Since the crisis – which was declared a statewide emergency last week by Gov. Healey – ballooned, he has taken in 26 families while they wait for the state to place them in emergency lodgings, which are typically hotels located around the commonwealth.
“It is always very hard for me to tell some that I can’t help them because there isn’t enough space to help them,” he said.
“It is hard to see people — even pregnant women — come in front of the church with no place to go and then you can’t just look at them and say, ‘Oh well,’” he added. “This is one place where we can temporarily keep people who knock on the door and say they have nowhere else to go. This is just a transition place; but it’s better than certain shelters or the streets.”
Homicil also directed his attention to the food distribution going on in the parking lot that day – food that comes once a week and is distributed to churches in the area and community organizations like Children’s Services of Roxbury or the East Boston Community Soup Kitchen.
“What I do here, it’s from the bottom of my heart,” he said. “It’s a calling. I didn’t choose to do this…I was called to walk in this path.”
Bishop Homicil, 81, reflects on scripture in the church’s sanctuary.
Homicil said he was one of seven boys raised in the north part of Haiti near Cap Haitien.

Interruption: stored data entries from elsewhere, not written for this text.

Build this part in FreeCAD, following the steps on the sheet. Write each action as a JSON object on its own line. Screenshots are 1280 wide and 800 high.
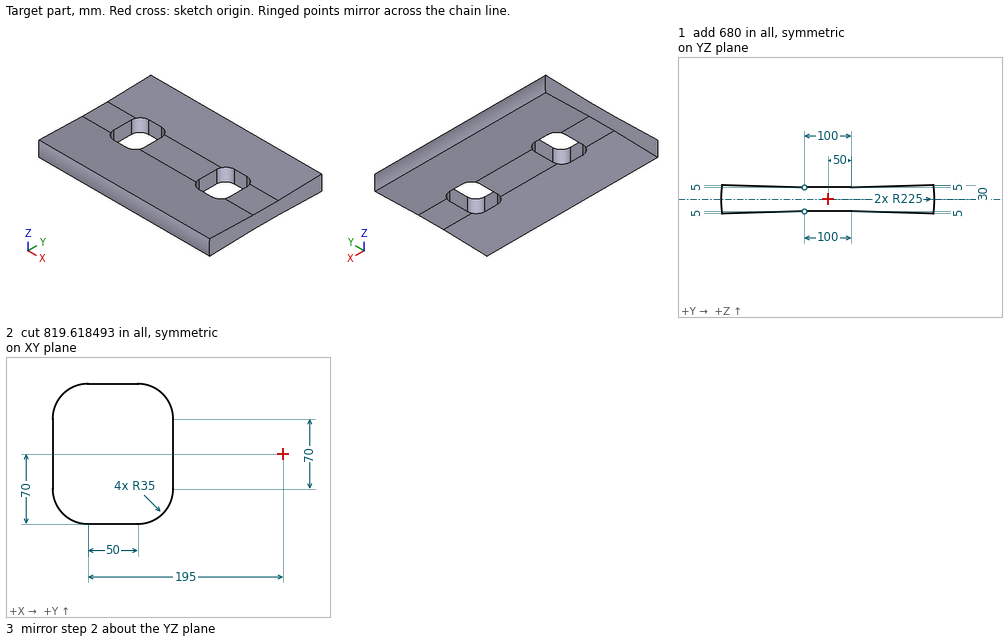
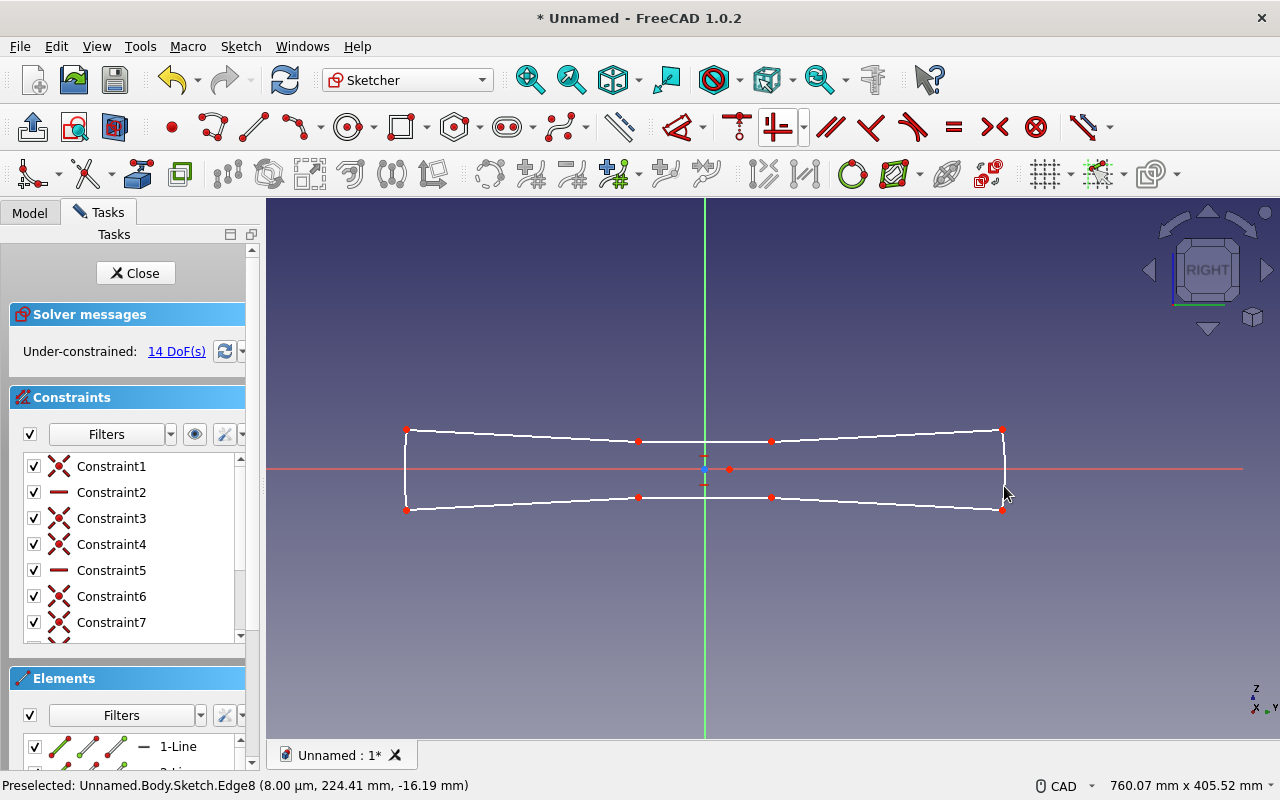
{"action": "left_click_drag", "start_coordinate": [695, 459], "coordinate": [739, 480]}
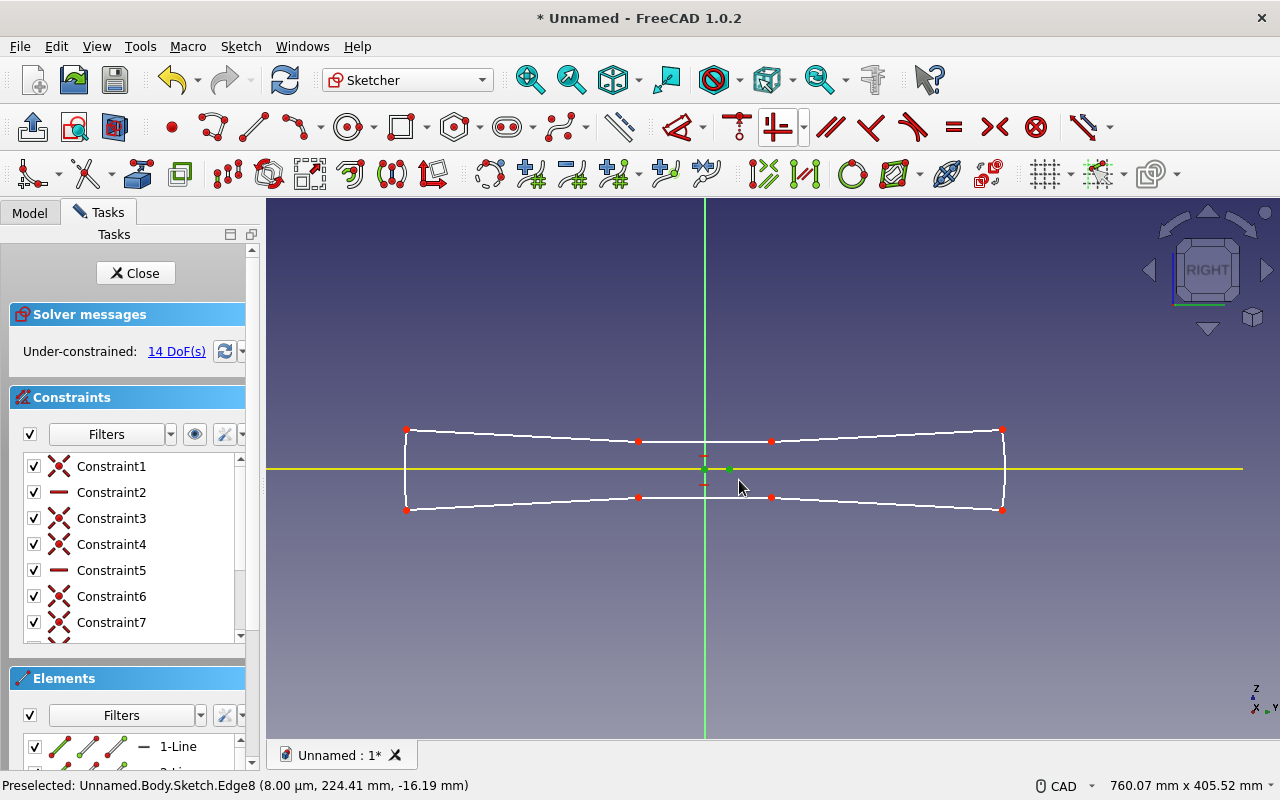
{"action": "left_click", "coordinate": [737, 128]}
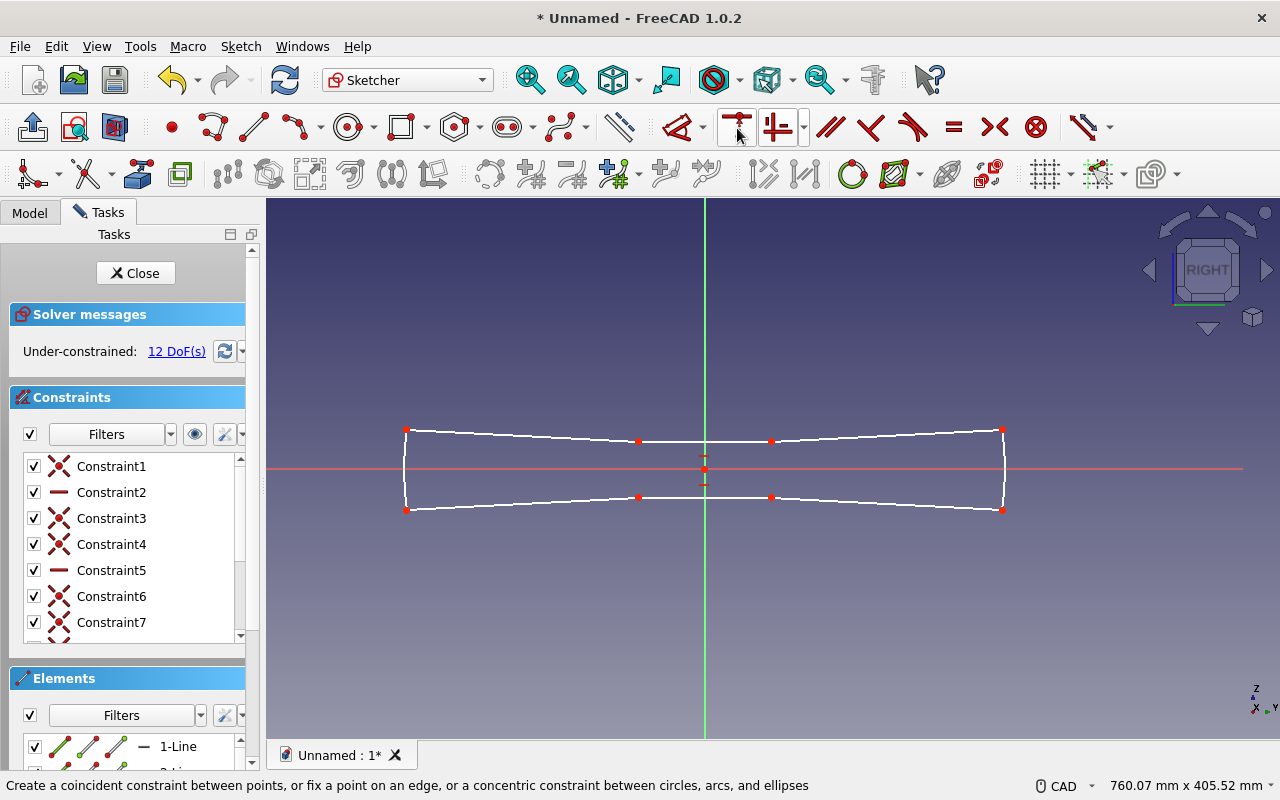
{"action": "left_click", "coordinate": [405, 454]}

He said his mother taught all of them to serve the community, which they continue to do. He and one of his brothers, who lives in Montreal, chose the ministry of the Gospel.
“Whatever my mother and family had, we always shared it,” he said. “My mother, if she saw any kids that had no parent or didn’t go to school or were on the streets in Haiti, she took them and cleaned them up, dressed them and took them to school.”

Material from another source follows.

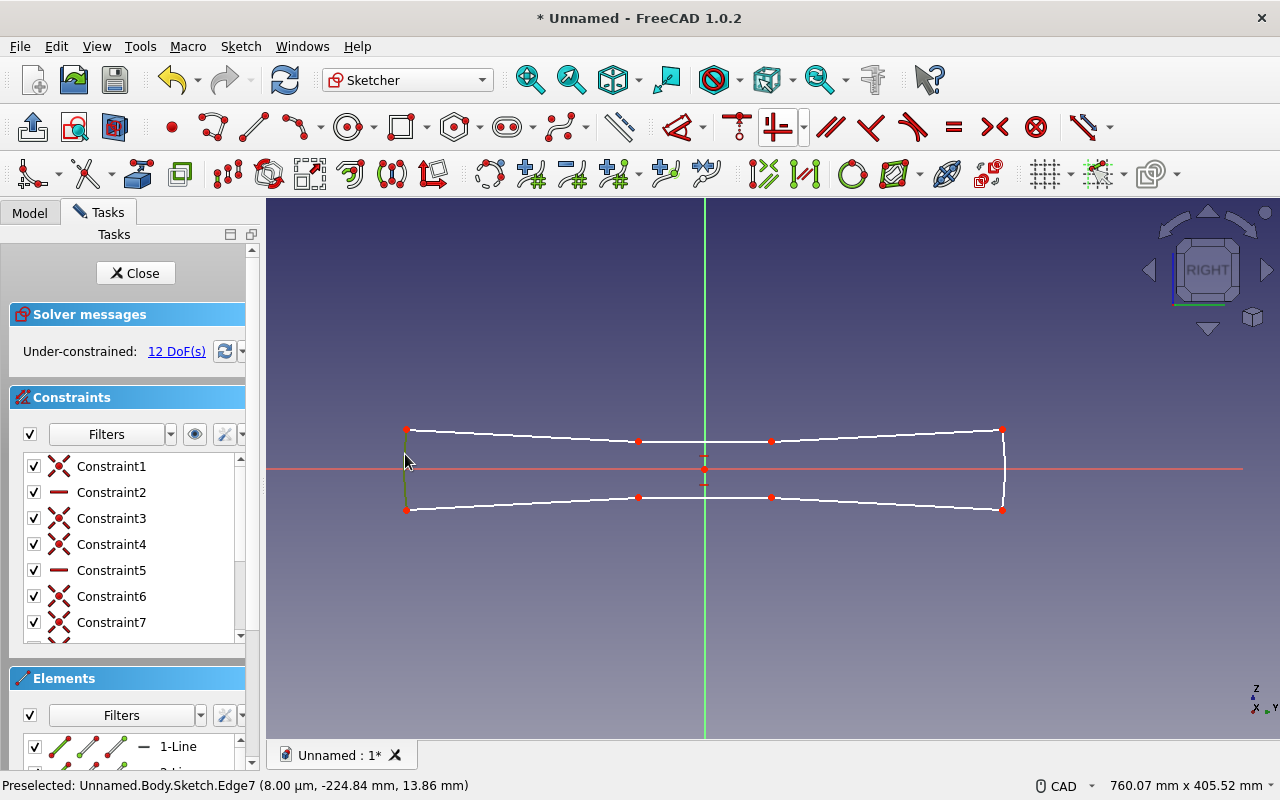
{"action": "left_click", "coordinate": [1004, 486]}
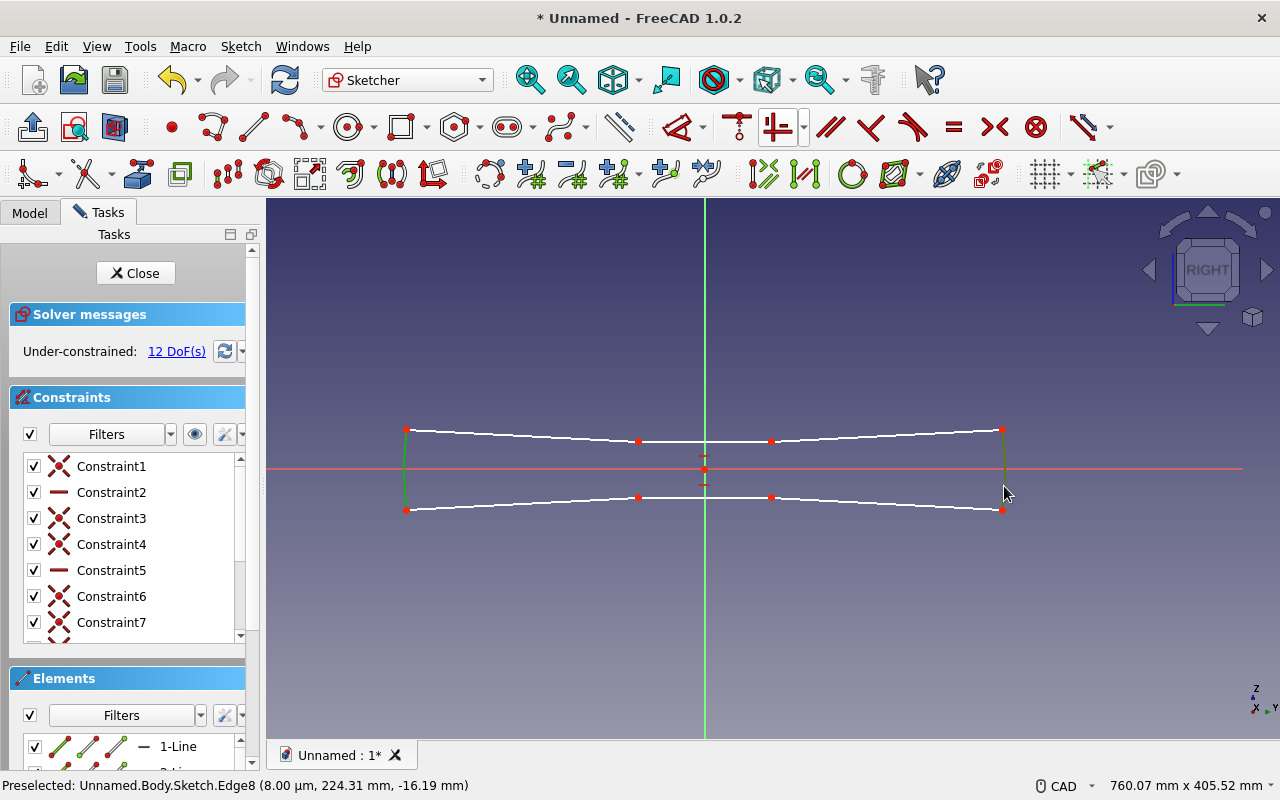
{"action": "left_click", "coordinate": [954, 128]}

At the age of 16, Homicil began working with the Wesleyan Church, teaching Sunday School. His passion was noted, and he was sent to train in Brooklyn with the United Methodist Church. After nearly 18 years there, and unable to return to Haiti due to the political climate, he came to Boston in 1989 and served in Wesleyan Churches until founding the Voice of the Gospel on Cummins Highway in 2001.
He arrived at Edgewater Drive in 2006 and has conducted church services and worked to meet the direst needs of the community ever since.
His church and ministry in Mattapan also serve as the bedrock 30 other churches around the world, including the newest effort in Africa’s Benin.
Whether it’s addressing the migrant emergency right now, or any other crisis that shows up at his Mattapan doorstep in the future, Homicil said he will be ready to offer what he can.
“You don’t need to be rich to do something,” he said. “You wouldn’t believe what comes out of Edgewater Drive in Mattapan. If people don’t think Mattapan can offer any good things, they are wrong.”